Holt’s Brain Stain series exploits the aesthetic qualities of scans of healthy brains and those affected by mental illness. Measuring changes associated with blood flow, PET scans reveal compelling differences in presence, absence, and proportion of certain hues. These hues are often attributed to specific emotions associated with mental conditions - someone experiencing depression may “feel blue” because decreased brain activity presents a visual image with more blue, green, and black than a healthy brain.
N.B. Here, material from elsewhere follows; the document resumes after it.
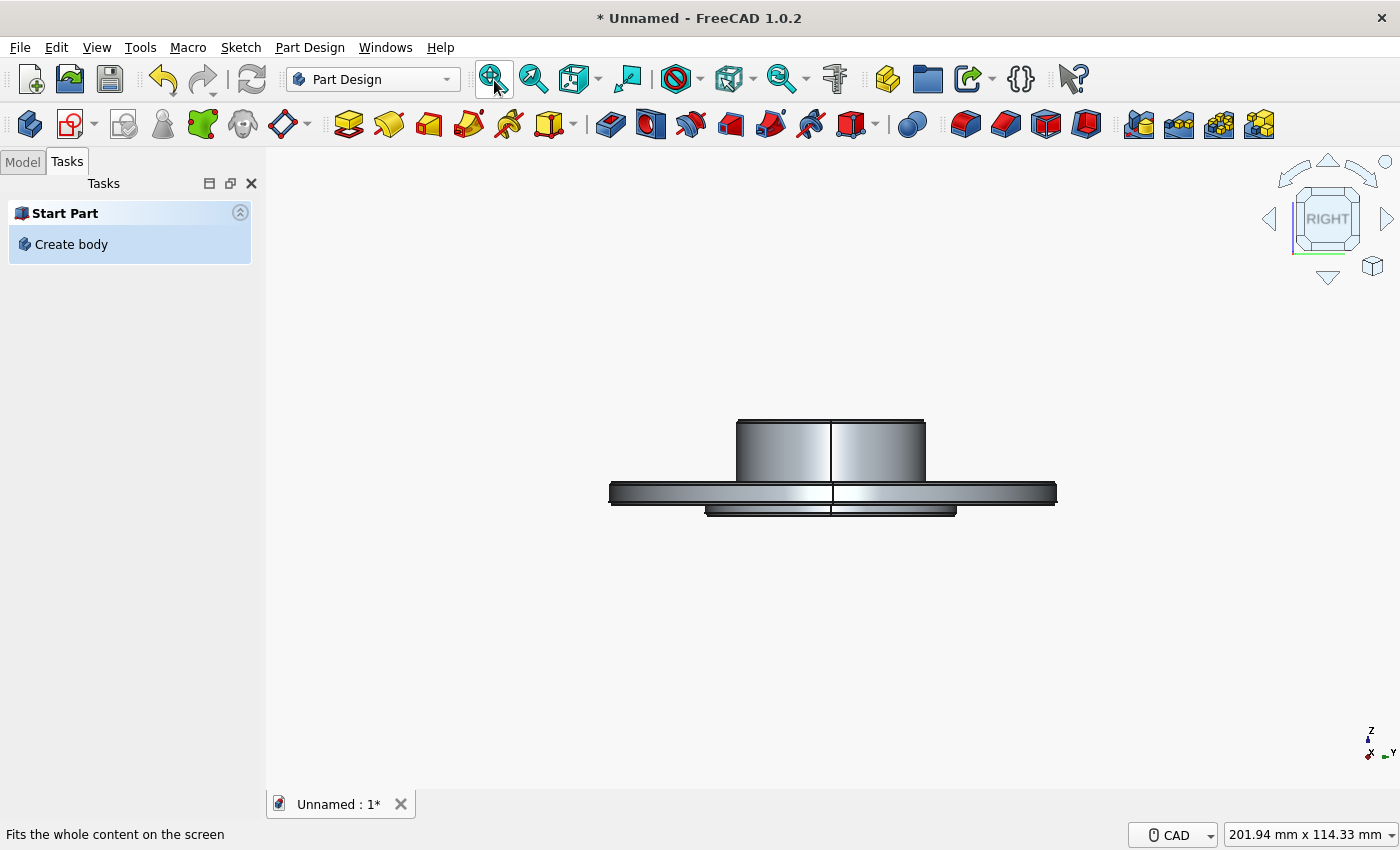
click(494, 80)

While the source imagery varies, the medium of all the work includes acrylic paint stains combined with embroidery thread stitched on raw canvas. In much of this work I include text sourced from contemporary and historical clinical language, poetry and my own writing. I often stitch on both sides of the canvas so that what shows up on front can become a garbled code of thread: illegible, but with some unknown system guiding its construction.






Holt’s Hysterical Women series includes source material from the 19th century - clinical sketches of institutionalized women, most of whom were diagnosed with hysteria. Clinicians drew, sculpted and photographed these women, often putting them on display for the public, portraying them with exaggerated and often sexualized gestures and poses. The women are suspended and isolated in other-worldly spaces, distant from their original context, stains of saturated acrylic paint hovering over them.
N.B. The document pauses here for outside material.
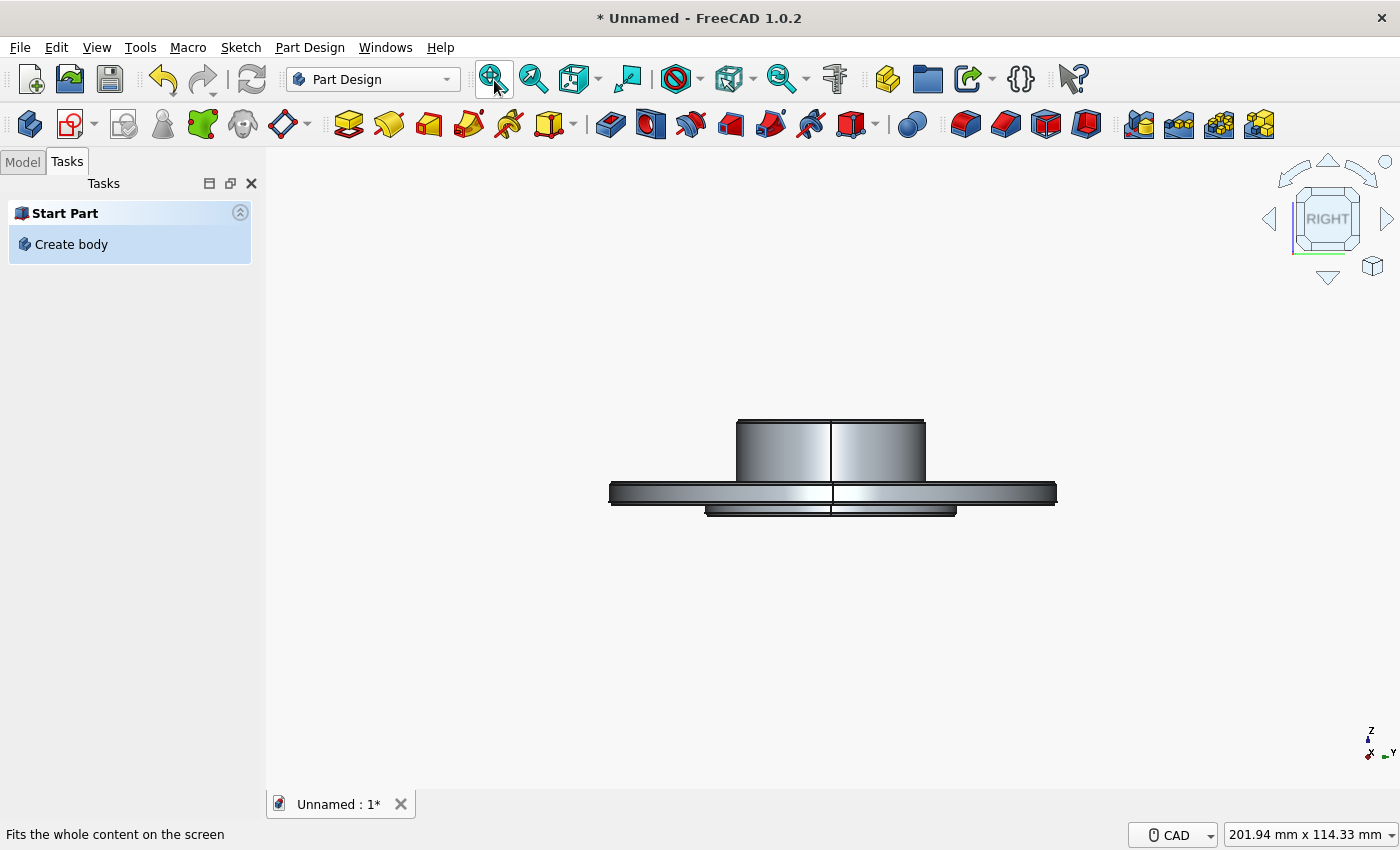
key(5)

Leslie Holt is from Bethesda, Maryland, and in 2012 she returned to the DC area after living in St. Louis. She received a BFA in Painting at Washington University in St. Louis and an MFA in Painting at Washington State University in Pullman, WA. Holt has taught studio art, art history, and art appreciation at the collegiate level for over 20 years, and has also worked as a social worker and advocate for people with developmental disabilities, mental illness, and those receiving welfare benefits. She is the Co-Director of Red Dirt Studio, a warehouse studio for a group of independent artists and creative professionals. In 2021 she presented NEURO BLOOMS at Beautiful Distress House and the Mentrum Mental Health Center in Amsterdam, Netherlands, and was included in the Phillips Collection’s INSIDE OUTSIDE, UPSIDE DOWN, an exhibition celebrating the Collection’s 100th anniversary and founder Duncan Phillips’ commitment to presenting, acquiring, and promoting artists in the D.C. region.